◆ Your instructions: Work out how many lines of the data hold the string "draft", and reply with that number alone.

◆ Records for processing:
________
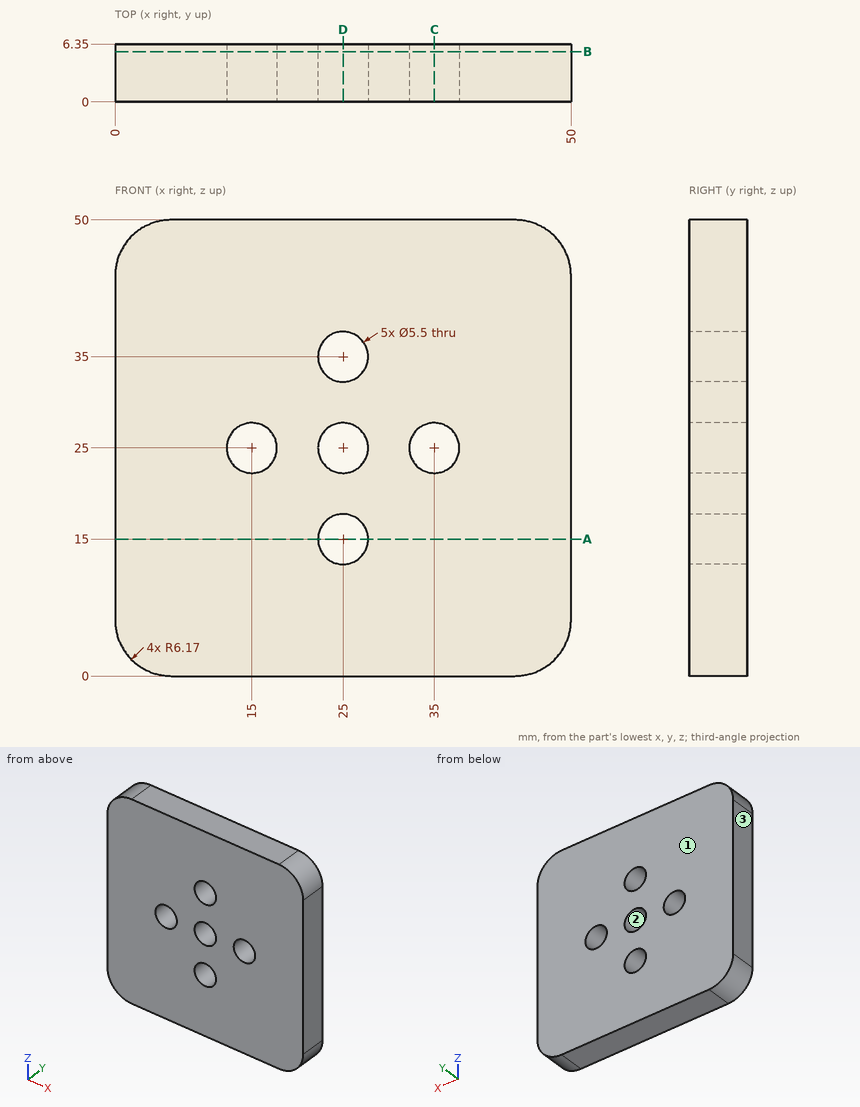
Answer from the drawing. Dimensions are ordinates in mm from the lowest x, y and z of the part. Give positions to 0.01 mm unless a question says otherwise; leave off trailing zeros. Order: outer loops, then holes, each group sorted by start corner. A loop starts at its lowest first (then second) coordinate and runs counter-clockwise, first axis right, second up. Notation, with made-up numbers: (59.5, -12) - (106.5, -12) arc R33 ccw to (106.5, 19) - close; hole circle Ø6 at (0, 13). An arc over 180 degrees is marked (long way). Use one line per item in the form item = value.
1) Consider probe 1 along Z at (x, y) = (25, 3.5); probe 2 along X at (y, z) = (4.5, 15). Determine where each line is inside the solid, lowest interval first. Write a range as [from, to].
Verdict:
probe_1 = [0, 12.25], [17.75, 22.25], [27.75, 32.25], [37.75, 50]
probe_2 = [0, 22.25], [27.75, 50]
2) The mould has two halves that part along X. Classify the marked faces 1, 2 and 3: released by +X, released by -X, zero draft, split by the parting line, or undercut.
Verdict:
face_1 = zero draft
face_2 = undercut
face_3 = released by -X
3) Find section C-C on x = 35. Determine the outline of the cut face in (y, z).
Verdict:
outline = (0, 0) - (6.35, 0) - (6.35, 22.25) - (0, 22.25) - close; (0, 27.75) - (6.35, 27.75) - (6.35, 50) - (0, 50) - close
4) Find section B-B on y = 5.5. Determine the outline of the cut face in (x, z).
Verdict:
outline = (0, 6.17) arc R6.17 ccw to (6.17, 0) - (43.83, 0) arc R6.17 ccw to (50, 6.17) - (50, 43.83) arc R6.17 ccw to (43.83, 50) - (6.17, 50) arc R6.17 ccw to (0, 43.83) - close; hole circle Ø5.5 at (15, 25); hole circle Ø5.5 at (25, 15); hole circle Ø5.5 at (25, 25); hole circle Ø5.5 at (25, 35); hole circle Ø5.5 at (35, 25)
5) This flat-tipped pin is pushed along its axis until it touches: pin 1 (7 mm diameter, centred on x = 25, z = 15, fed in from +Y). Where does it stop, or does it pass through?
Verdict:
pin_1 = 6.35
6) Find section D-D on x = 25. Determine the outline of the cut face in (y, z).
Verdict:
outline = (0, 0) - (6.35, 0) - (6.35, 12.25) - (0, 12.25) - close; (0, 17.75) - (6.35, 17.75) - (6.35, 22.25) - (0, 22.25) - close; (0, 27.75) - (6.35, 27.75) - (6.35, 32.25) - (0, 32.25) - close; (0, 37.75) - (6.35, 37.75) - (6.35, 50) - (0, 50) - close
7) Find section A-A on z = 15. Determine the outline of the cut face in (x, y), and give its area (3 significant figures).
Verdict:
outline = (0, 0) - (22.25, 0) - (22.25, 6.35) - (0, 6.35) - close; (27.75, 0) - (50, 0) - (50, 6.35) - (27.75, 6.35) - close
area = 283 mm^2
________
◆ Expected output: 2